An Indiana man convicted in the 2017 killings of two teenage girls who vanished during a winter hike was sentenced to a maximum of 130 years in prison Friday in the case that’s long cast a shadow over the teens’ small hometown of Delphi.

A special judge sentenced Richard Allen during a hearing that began at 9 a.m. Allen, 52, was convicted on Nov. 11 in the killings of Abigail Williams, 13, and Liberty German, 14, known as Abby and Libby. A jury found him guilty of two counts of murder and two counts of murder while committing or attempting to commit kidnapping.

Allen had faced between 45 years and 130 years in prison in the killings of the Delphi teens.

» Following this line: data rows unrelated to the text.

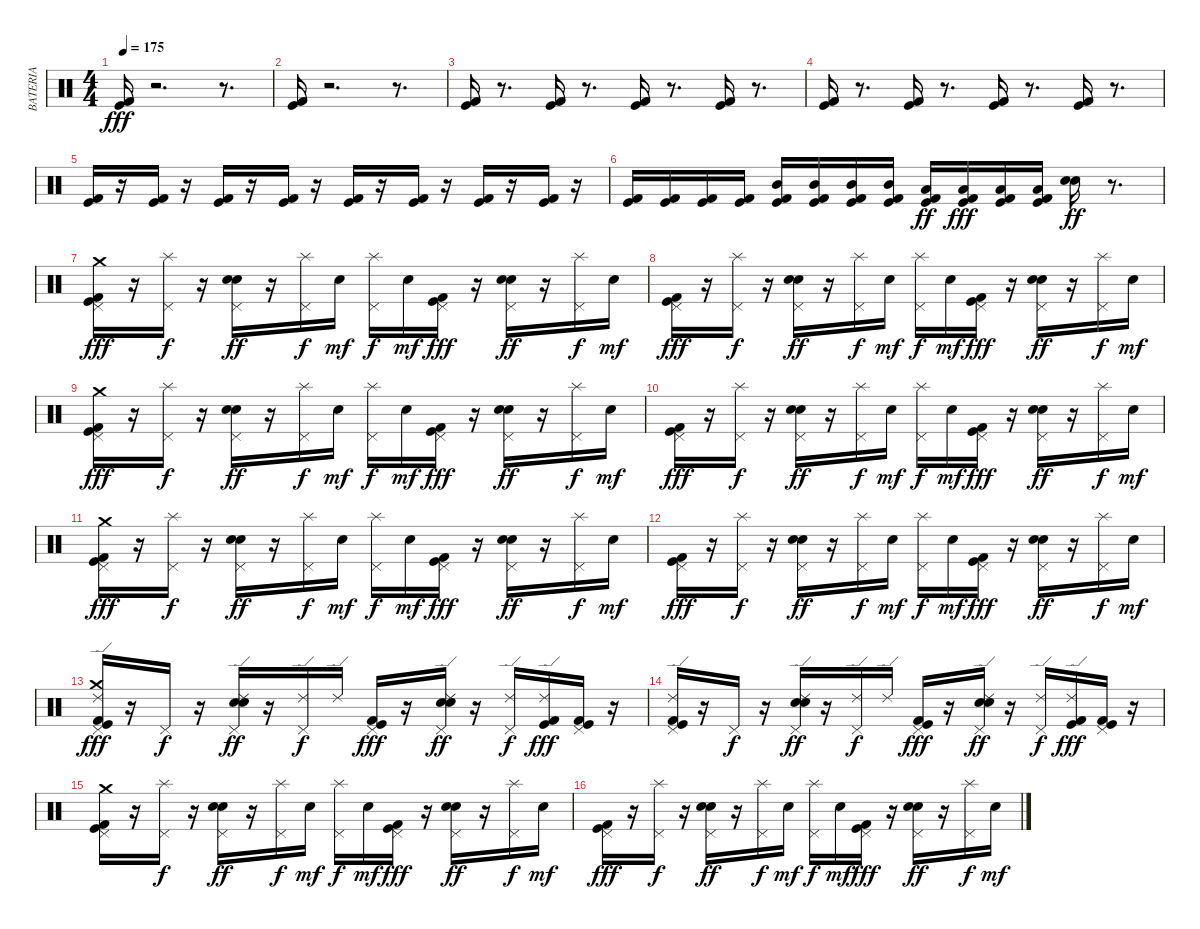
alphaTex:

\track ("BATERIA" "BATERIA") {instrument percussion}
\staff {score}
\articulation defaults
\ts (4 4)
\tempo 175
\clef neutral
\ks c
("Kick (hit) 2" "Kick (hit)").16{dy fff} r.2{d} r.8{d} |
("Kick (hit) 2" "Kick (hit)").16 r.2{d} r.8{d} |
("Kick (hit) 2" "Kick (hit)").16 r.8{d} ("Kick (hit) 2" "Kick (hit)").16 r.8{d} ("Kick (hit) 2" "Kick (hit)").16 r.8{d} ("Kick (hit) 2" "Kick (hit)").16 r.8{d} |
("Kick (hit) 2" "Kick (hit)").16 r.8{d} ("Kick (hit) 2" "Kick (hit)").16 r.8{d} ("Kick (hit) 2" "Kick (hit)").16 r.8{d} ("Kick (hit) 2" "Kick (hit)").16 r.8{d} |
("Kick (hit) 2" "Kick (hit)").16 r.16 ("Kick (hit)" "Kick (hit) 2").16 r.16 ("Kick (hit) 2" "Kick (hit)").16 r.16 ("Kick (hit)" "Kick (hit) 2").16 r.16 ("Kick (hit) 2" "Kick (hit)").16 r.16 ("Kick (hit)" "Kick (hit) 2").16 r.16 ("Kick (hit) 2" "Kick (hit)").16 r.16 ("Kick (hit)" "Kick (hit) 2").16 r.16 |
("Kick (hit) 2" "Kick (hit)").16 ("Kick (hit)" "Kick (hit) 2").16 ("Kick (hit)" "Kick (hit) 2").16 ("Kick (hit)" "Kick (hit) 2").16 ("Kick (hit) 2" "Kick (hit)" "Mid Tom (hit)").16 ("Mid Tom (hit)" "Kick (hit)" "Kick (hit) 2").16 ("Mid Tom (hit)" "Kick (hit)" "Kick (hit) 2").16 ("Mid Tom (hit)" "Kick (hit)" "Kick (hit) 2").16 ("Kick (hit) 2" "Kick (hit)" "Low Tom (hit)").16{dy ff} ("Low Tom (hit)" "Kick (hit)" "Kick (hit) 2").16{dy fff} ("Low Tom (hit)" "Kick (hit)" "Kick (hit) 2").16 ("Low Tom (hit)" "Kick (hit)" "Kick (hit) 2").16 ("Electric Snare (hit)" "Snare (hit) 2").16{dy ff} r.8{d} |
("Crash medium (hit)" "Kick (hit) 2" "Kick (hit)" "Pedal Hi-Hat (hit)").16{dy fff} r.16 ("Splash (hit)" "Pedal Hi-Hat (hit)").16{dy f} r.16 ("Electric Snare (hit)" "Snare (hit) 2" "Pedal Hi-Hat (hit)").16{dy ff} r.16 ("Pedal Hi-Hat (hit)" "Splash (hit)").16{dy f} "Snare (hit) 2".16{dy mf} ("Pedal Hi-Hat (hit)" "Splash (hit)").16{dy f} "Snare (hit) 2".16{dy mf} ("Kick (hit) 2" "Kick (hit)" "Pedal Hi-Hat (hit)").16{dy fff} r.16 ("Electric Snare (hit)" "Snare (hit) 2" "Pedal Hi-Hat (hit)").16{dy ff} r.16 ("Pedal Hi-Hat (hit)" "Splash (hit)").16{dy f} "Snare (hit) 2".16{dy mf} |
("Kick (hit) 2" "Kick (hit)" "Pedal Hi-Hat (hit)").16{dy fff} r.16 ("Splash (hit)" "Pedal Hi-Hat (hit)").16{dy f} r.16 ("Electric Snare (hit)" "Snare (hit) 2" "Pedal Hi-Hat (hit)").16{dy ff} r.16 ("Pedal Hi-Hat (hit)" "Splash (hit)").16{dy f} "Snare (hit) 2".16{dy mf} ("Pedal Hi-Hat (hit)" "Splash (hit)").16{dy f} "Snare (hit) 2".16{dy mf} ("Kick (hit) 2" "Kick (hit)" "Pedal Hi-Hat (hit)").16{dy fff} r.16 ("Electric Snare (hit)" "Snare (hit) 2" "Pedal Hi-Hat (hit)").16{dy ff} r.16 ("Pedal Hi-Hat (hit)" "Splash (hit)").16{dy f} "Snare (hit) 2".16{dy mf} |
("Pedal Hi-Hat (hit)" "Kick (hit)" "Kick (hit) 2" "Crash medium (hit)").16{dy fff} r.16 ("Pedal Hi-Hat (hit)" "Splash (hit)").16{dy f} r.16 ("Pedal Hi-Hat (hit)" "Snare (hit) 2" "Electric Snare (hit)").16{dy ff} r.16 ("Splash (hit)" "Pedal Hi-Hat (hit)").16{dy f} "Snare (hit) 2".16{dy mf} ("Splash (hit)" "Pedal Hi-Hat (hit)").16{dy f} "Snare (hit) 2".16{dy mf} ("Pedal Hi-Hat (hit)" "Kick (hit)" "Kick (hit) 2").16{dy fff} r.16 ("Pedal Hi-Hat (hit)" "Snare (hit) 2" "Electric Snare (hit)").16{dy ff} r.16 ("Splash (hit)" "Pedal Hi-Hat (hit)").16{dy f} "Snare (hit) 2".16{dy mf} |
("Pedal Hi-Hat (hit)" "Kick (hit)" "Kick (hit) 2").16{dy fff} r.16 ("Pedal Hi-Hat (hit)" "Splash (hit)").16{dy f} r.16 ("Pedal Hi-Hat (hit)" "Snare (hit) 2" "Electric Snare (hit)").16{dy ff} r.16 ("Splash (hit)" "Pedal Hi-Hat (hit)").16{dy f} "Snare (hit) 2".16{dy mf} ("Splash (hit)" "Pedal Hi-Hat (hit)").16{dy f} "Snare (hit) 2".16{dy mf} ("Pedal Hi-Hat (hit)" "Kick (hit)" "Kick (hit) 2").16{dy fff} r.16 ("Pedal Hi-Hat (hit)" "Snare (hit) 2" "Electric Snare (hit)").16{dy ff} r.16 ("Splash (hit)" "Pedal Hi-Hat (hit)").16{dy f} "Snare (hit) 2".16{dy mf} |
("Crash medium (hit)" "Kick (hit) 2" "Kick (hit)" "Pedal Hi-Hat (hit)").16{dy fff} r.16 ("Splash (hit)" "Pedal Hi-Hat (hit)").16{dy f} r.16 ("Electric Snare (hit)" "Snare (hit) 2" "Pedal Hi-Hat (hit)").16{dy ff} r.16 ("Pedal Hi-Hat (hit)" "Splash (hit)").16{dy f} "Snare (hit) 2".16{dy mf} ("Pedal Hi-Hat (hit)" "Splash (hit)").16{dy f} "Snare (hit) 2".16{dy mf} ("Kick (hit) 2" "Kick (hit)" "Pedal Hi-Hat (hit)").16{dy fff} r.16 ("Electric Snare (hit)" "Snare (hit) 2" "Pedal Hi-Hat (hit)").16{dy ff} r.16 ("Pedal Hi-Hat (hit)" "Splash (hit)").16{dy f} "Snare (hit) 2".16{dy mf} |
("Kick (hit) 2" "Kick (hit)" "Pedal Hi-Hat (hit)").16{dy fff} r.16 ("Splash (hit)" "Pedal Hi-Hat (hit)").16{dy f} r.16 ("Electric Snare (hit)" "Snare (hit) 2" "Pedal Hi-Hat (hit)").16{dy ff} r.16 ("Pedal Hi-Hat (hit)" "Splash (hit)").16{dy f} "Snare (hit) 2".16{dy mf} ("Pedal Hi-Hat (hit)" "Splash (hit)").16{dy f} "Snare (hit) 2".16{dy mf} ("Kick (hit) 2" "Kick (hit)" "Pedal Hi-Hat (hit)").16{dy fff} r.16 ("Electric Snare (hit)" "Snare (hit) 2" "Pedal Hi-Hat (hit)").16{dy ff} r.16 ("Pedal Hi-Hat (hit)" "Splash (hit)").16{dy f} "Snare (hit) 2".16{dy mf} |
("Ride (edge) 2" "Crash medium (hit)" "Kick (hit) 2" "Kick (hit)" "Pedal Hi-Hat (hit)").16{dy fff} r.16 "Pedal Hi-Hat (hit)".16{dy f} r.16 ("Ride (edge) 2" "Electric Snare (hit)" "Snare (hit) 2" "Pedal Hi-Hat (hit)").16{dy ff} r.16 ("Ride (edge) 2" "Pedal Hi-Hat (hit)").16{dy f} "Ride (edge) 2".16 ("Kick (hit) 2" "Kick (hit)" "Pedal Hi-Hat (hit)").16{dy fff} r.16 ("Ride (edge) 2" "Electric Snare (hit)" "Snare (hit) 2" "Pedal Hi-Hat (hit)").16{dy ff} r.16 ("Ride (edge) 2" "Pedal Hi-Hat (hit)").16{dy f} ("Ride (edge) 2" "Kick (hit)" "Kick (hit) 2").16{dy fff} ("Kick (hit) 2" "Kick (hit)" "Pedal Hi-Hat (hit)").16 r.16 |
("Ride (edge) 2" "Kick (hit) 2" "Kick (hit)" "Pedal Hi-Hat (hit)").16 r.16 "Pedal Hi-Hat (hit)".16{dy f} r.16 ("Pedal Hi-Hat (hit)" "Snare (hit) 2" "Electric Snare (hit)" "Ride (edge) 2").16{dy ff} r.16 ("Pedal Hi-Hat (hit)" "Ride (edge) 2").16{dy f} "Ride (edge) 2".16 ("Kick (hit) 2" "Kick (hit)" "Pedal Hi-Hat (hit)").16{dy fff} r.16 ("Ride (edge) 2" "Electric Snare (hit)" "Snare (hit) 2" "Pedal Hi-Hat (hit)").16{dy ff} r.16 ("Ride (edge) 2" "Pedal Hi-Hat (hit)").16{dy f} ("Ride (edge) 2" "Kick (hit)" "Kick (hit) 2").16{dy fff} ("Kick (hit) 2" "Kick (hit)" "Pedal Hi-Hat (hit)").16 r.16 |
("Crash medium (hit)" "Kick (hit) 2" "Kick (hit)" "Pedal Hi-Hat (hit)").16 r.16 ("Splash (hit)" "Pedal Hi-Hat (hit)").16{dy f} r.16 ("Electric Snare (hit)" "Snare (hit) 2" "Pedal Hi-Hat (hit)").16{dy ff} r.16 ("Pedal Hi-Hat (hit)" "Splash (hit)").16{dy f} "Snare (hit) 2".16{dy mf} ("Pedal Hi-Hat (hit)" "Splash (hit)").16{dy f} "Snare (hit) 2".16{dy mf} ("Kick (hit) 2" "Kick (hit)" "Pedal Hi-Hat (hit)").16{dy fff} r.16 ("Electric Snare (hit)" "Snare (hit) 2" "Pedal Hi-Hat (hit)").16{dy ff} r.16 ("Pedal Hi-Hat (hit)" "Splash (hit)").16{dy f} "Snare (hit) 2".16{dy mf} |
("Kick (hit) 2" "Kick (hit)" "Pedal Hi-Hat (hit)").16{dy fff} r.16 ("Splash (hit)" "Pedal Hi-Hat (hit)").16{dy f} r.16 ("Electric Snare (hit)" "Snare (hit) 2" "Pedal Hi-Hat (hit)").16{dy ff} r.16 ("Pedal Hi-Hat (hit)" "Splash (hit)").16{dy f} "Snare (hit) 2".16{dy mf} ("Pedal Hi-Hat (hit)" "Splash (hit)").16{dy f} "Snare (hit) 2".16{dy mf} ("Kick (hit) 2" "Kick (hit)" "Pedal Hi-Hat (hit)").16{dy fff} r.16 ("Electric Snare (hit)" "Snare (hit) 2" "Pedal Hi-Hat (hit)").16{dy ff} r.16 ("Pedal Hi-Hat (hit)" "Splash (hit)").16{dy f} "Snare (hit) 2".16{dy mf}

He was sentenced on two of the four murder counts.

Allen also lived in Delphi and when he was arrested in October 2022, more than five years after the killings, he was employed as a pharmacy technician at a pharmacy only blocks from the county courthouse where he later stood trial. His weekslong trial came after repeated delays, a leak of evidence, the withdrawal of his public defenders and their reinstatement by the Indiana Supreme Court.

The case, which included tantalizing evidence, has long drawn outsized attention from true-crime enthusiasts. The teens were found dead in February 2017, their throats cut, one day after they vanished while hiking during a day off school.

Allen was sentenced by Allen County Superior Court Judge Fran Gull, who along with the jurors, came from northeastern Indiana’s Allen County.

The seven women and five men were sequestered throughout the trial, which began Oct. 18 in the Carroll County seat of Delphi, the girls’ hometown of about 3,000 residents some 60 miles northwest of Indianapolis.